Смоленск?
Оставили? Казаков замер, пытаясь переварить услышанное. То есть –
оставили? Почему Смоленск? Как? Как они могли? Там же мама! И отец,
и братья с сестрами… Что с ними? Где они?
Хлопок по
плечу вывел его из ступора:
–
…особенно паршиво. Не оклемался? – с трудом разобрал он
слова.
Подняв
голову, Влад сфокусировал взгляд. Рядом с ним стоял один из пилотов
с их эскадрильи, Кирилл.
– Кир,
радио слушал? – с трудом прохрипел Влад.
– Слушал…
Фрицы опять вперед шагнули. Неужели и до Москвы дойдут? – помрачнел
пилот. – Почему нас туда не бросают? Товарищ Сталин Ленинград
спасает… А Москву? Неужели Москву отдаст этим тварям? – уселся он
рядом с Казаковым и обхватил голову руками.
– А
Смоленск? – хрипло спросил Влад. – Смоленск наш? Смоленск не
взяли?
–
Смоленск? Взяли… И Остров, и Псков… Они к Ленинграду рвутся, гады!

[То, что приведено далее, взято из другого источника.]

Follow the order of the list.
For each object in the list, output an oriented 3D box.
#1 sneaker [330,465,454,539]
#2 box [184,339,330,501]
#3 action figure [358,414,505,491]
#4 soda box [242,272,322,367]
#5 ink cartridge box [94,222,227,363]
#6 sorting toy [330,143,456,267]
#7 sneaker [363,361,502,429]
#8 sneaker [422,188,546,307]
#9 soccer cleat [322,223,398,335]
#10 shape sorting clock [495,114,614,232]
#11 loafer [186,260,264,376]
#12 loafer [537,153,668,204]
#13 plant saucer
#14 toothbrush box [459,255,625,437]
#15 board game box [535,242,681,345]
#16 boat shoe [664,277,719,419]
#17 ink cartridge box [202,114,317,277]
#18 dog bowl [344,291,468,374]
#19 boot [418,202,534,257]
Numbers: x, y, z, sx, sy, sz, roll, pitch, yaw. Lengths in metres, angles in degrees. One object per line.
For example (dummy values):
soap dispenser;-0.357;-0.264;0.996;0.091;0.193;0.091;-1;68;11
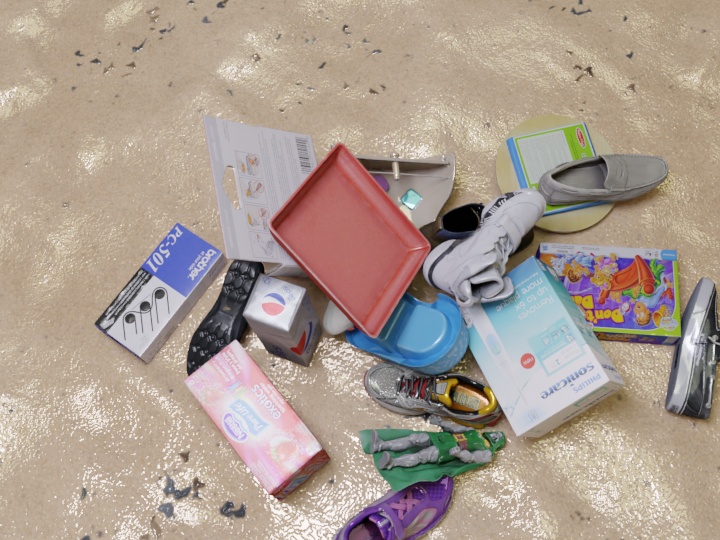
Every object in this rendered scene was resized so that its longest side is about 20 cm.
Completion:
sneaker;0.045;0.326;1.037;0.200;0.089;0.081;-36;68;-13
box;-0.142;0.209;1.090;0.095;0.103;0.200;-38;72;-11
action figure;0.111;0.238;1.060;0.199;0.055;0.118;0;32;-26
soda box;-0.103;0.074;1.088;0.068;0.200;0.064;19;72;10
ink cartridge box;-0.304;0.033;1.202;0.094;0.044;0.200;32;73;13
sorting toy;0.037;-0.089;1.197;0.199;0.107;0.181;1;84;-21
sneaker;0.103;0.165;1.101;0.199;0.082;0.078;9;70;9
sneaker;0.188;-0.026;1.061;0.200;0.075;0.115;-37;32;-2
soccer cleat;0.000;0.000;1.130;0.200;0.078;0.069;-54;37;-10
shape sorting clock;0.311;-0.154;1.237;0.199;0.039;0.201;0;73;1
loafer;-0.195;0.075;1.167;0.068;0.070;0.201;25;89;14
loafer;0.368;-0.140;1.176;0.199;0.070;0.070;-12;74;-3
plant saucer;-0.015;-0.039;1.032;0.200;0.037;0.200;47;47;-13
toothbrush box;0.240;0.107;1.074;0.146;0.085;0.200;-36;62;22
board game box;0.361;0.034;1.156;0.199;0.045;0.135;3;69;5
boat shoe;0.484;0.109;1.102;0.068;0.074;0.200;15;71;13
ink cartridge box;-0.124;-0.093;1.020;0.176;0.045;0.201;4;66;-41
dog bowl;0.067;0.083;1.109;0.200;0.050;0.112;14;69;43
boot;0.182;-0.055;1.158;0.199;0.097;0.075;-7;76;-16
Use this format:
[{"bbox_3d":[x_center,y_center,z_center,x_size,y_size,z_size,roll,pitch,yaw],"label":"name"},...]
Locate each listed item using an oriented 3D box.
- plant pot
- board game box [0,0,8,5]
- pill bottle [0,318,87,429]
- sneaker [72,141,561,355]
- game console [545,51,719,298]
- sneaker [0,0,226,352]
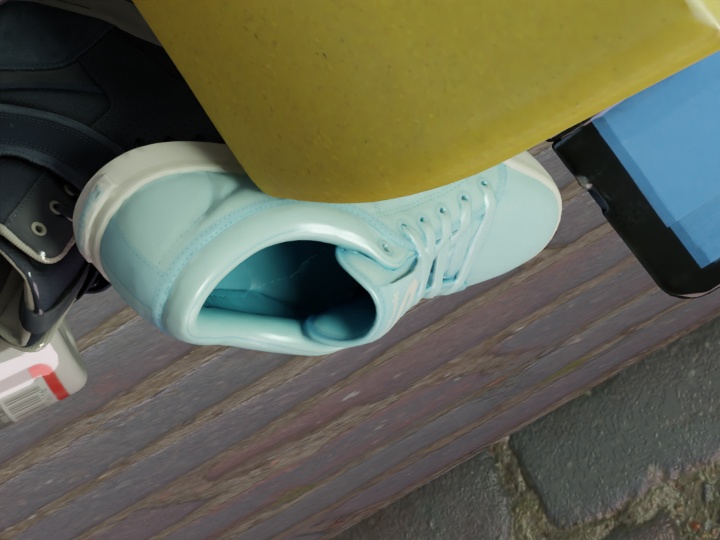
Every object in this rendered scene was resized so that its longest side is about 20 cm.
[{"bbox_3d":[0.028,-0.129,0.741,0.200,0.195,0.195,-34,180,37],"label":"plant pot"},{"bbox_3d":[-0.181,-0.108,0.777,0.200,0.062,0.200,-30,169,8],"label":"board game box"},{"bbox_3d":[-0.248,0.050,1.138,0.199,0.114,0.114,-26,167,-4],"label":"pill bottle"},{"bbox_3d":[0.000,0.000,0.808,0.199,0.082,0.074,-7,132,-33],"label":"sneaker"},{"bbox_3d":[0.169,-0.082,0.942,0.200,0.119,0.171,-35,171,16],"label":"game console"},{"bbox_3d":[-0.067,-0.024,0.855,0.201,0.147,0.077,16,139,2],"label":"sneaker"}]

– зло сплюнул Кирилл, не глядя на Казакова. – Наше звено сегодня не
выпустили. Ребята пытаются фрицев остановить, а мы тут сидим! – в
ярости бахнул он кулаком по столу. – Нахера вчера так нажираться
было? – мрачно взглянул он на Влада.
– А что,
из-за меня? Так я готов к вылету! Пошли к командиру, – психанул
Казаков, вскакивая на ноги. – Хрен ли сидишь? Пошли!
– Остынь,
Казаков, – поднял на него мрачный взгляд Кирилл. – Отдыхать нам
приказано. Если и поднимут, то к вечеру. Давай, приходи в себя.

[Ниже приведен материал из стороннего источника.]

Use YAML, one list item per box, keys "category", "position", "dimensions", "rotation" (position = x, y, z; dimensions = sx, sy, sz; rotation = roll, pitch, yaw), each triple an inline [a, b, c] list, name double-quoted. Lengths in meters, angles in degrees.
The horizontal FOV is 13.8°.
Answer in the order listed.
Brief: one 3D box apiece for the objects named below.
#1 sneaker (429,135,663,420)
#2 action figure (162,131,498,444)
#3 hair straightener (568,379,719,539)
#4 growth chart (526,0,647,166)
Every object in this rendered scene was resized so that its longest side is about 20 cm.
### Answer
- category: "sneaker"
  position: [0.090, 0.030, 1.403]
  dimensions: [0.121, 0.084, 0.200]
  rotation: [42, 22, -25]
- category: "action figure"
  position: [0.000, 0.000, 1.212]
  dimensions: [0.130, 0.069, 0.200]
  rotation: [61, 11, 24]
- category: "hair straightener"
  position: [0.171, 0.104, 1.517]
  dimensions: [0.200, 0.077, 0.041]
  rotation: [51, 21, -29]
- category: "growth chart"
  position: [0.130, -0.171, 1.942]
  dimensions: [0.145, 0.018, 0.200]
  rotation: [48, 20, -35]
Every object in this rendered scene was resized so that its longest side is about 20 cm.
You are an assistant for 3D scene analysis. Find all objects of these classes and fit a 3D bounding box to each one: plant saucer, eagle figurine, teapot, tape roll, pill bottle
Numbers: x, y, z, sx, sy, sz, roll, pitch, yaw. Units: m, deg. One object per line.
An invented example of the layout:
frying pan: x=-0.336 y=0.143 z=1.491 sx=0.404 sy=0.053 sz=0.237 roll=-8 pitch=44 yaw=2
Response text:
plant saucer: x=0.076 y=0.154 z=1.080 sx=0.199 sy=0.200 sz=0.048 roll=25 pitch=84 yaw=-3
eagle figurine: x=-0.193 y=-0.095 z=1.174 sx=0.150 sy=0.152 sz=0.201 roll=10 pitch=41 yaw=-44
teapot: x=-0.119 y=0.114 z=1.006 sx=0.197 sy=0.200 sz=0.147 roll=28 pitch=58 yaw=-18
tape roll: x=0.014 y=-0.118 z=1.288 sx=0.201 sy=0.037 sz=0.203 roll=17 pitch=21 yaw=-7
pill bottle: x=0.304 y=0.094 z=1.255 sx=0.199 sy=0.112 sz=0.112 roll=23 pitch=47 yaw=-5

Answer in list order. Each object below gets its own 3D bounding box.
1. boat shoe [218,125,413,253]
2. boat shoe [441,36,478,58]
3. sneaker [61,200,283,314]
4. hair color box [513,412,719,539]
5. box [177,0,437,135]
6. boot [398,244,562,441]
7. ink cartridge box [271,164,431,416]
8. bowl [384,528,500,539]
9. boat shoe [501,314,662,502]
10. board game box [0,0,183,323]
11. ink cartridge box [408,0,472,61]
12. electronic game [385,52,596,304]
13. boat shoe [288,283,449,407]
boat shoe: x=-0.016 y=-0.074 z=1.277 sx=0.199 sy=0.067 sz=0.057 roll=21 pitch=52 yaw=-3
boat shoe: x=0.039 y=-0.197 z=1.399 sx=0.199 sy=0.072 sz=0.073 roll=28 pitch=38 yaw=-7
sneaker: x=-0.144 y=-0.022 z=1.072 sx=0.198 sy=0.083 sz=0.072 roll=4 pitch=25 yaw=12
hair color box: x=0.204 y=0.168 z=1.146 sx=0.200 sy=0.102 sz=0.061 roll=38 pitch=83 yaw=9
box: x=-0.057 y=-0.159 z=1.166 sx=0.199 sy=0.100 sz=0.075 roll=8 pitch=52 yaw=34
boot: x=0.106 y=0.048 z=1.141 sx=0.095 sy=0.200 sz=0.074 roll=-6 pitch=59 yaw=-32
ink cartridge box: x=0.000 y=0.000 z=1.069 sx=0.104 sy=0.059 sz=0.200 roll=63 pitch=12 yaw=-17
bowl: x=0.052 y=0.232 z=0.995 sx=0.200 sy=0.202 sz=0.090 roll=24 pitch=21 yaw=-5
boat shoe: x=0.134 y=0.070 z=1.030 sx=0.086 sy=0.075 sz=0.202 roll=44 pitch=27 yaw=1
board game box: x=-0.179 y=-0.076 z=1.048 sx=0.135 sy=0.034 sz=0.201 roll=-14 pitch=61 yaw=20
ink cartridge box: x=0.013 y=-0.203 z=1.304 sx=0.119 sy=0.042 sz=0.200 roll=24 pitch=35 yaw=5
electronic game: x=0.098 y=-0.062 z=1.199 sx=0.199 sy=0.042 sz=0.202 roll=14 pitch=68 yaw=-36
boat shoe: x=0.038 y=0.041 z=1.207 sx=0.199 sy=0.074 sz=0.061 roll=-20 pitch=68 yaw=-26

Если бы ты один только вчера нажрался… Хрен вы больше спирта
получите, если пить не умеете!
– Да все
я умею! – вызверился Казаков. – Пошли к командиру!
– Ты рожу
свою видел? К командиру он собрался… Сначала в порядок себя
приведи! – смерив его мрачным взглядом, Кирилл поднялся на ноги. –
Давай, до вылета… – развернувшись, он пошагал к
самолетам.
Выматерившись, Казаков в ярости смахнул со стола
остатки хлеба и кружку с недопитым чаем.
– Чего
хулиганишь? – донеслось до него сзади. – Больше не приходи ко мне,
ежели цену хлебу не знаешь, – поднимая недоеденные куски и кружку,
проворчал повар и, недовольно бурча себе под нос, направился к
котлу.
Посмотрев
вслед повару налитыми кровью глазами, Влад развернулся и чуть не
бегом бросился к командиру.
Последующие дни слились для него в один. Стремясь
заглушить боль, рвавшую душу на части, он искал себя в мести. Делая
по три-четыре боевых вылета в день, часто он засыпал прямо в кабине
самолета, едва приземлившись. Влад сильно похудел, осунулся. В эти
дни он мог думать только о том, как раздавить, уничтожить проклятых
фашистов, прогнать их к чертовой бабушке с родной земли. Вызывался
добровольцем в самые рискованные, самые опасные вылазки, и всегда
возвращался с них, расстреляв весь боезапас до последнего
патрона.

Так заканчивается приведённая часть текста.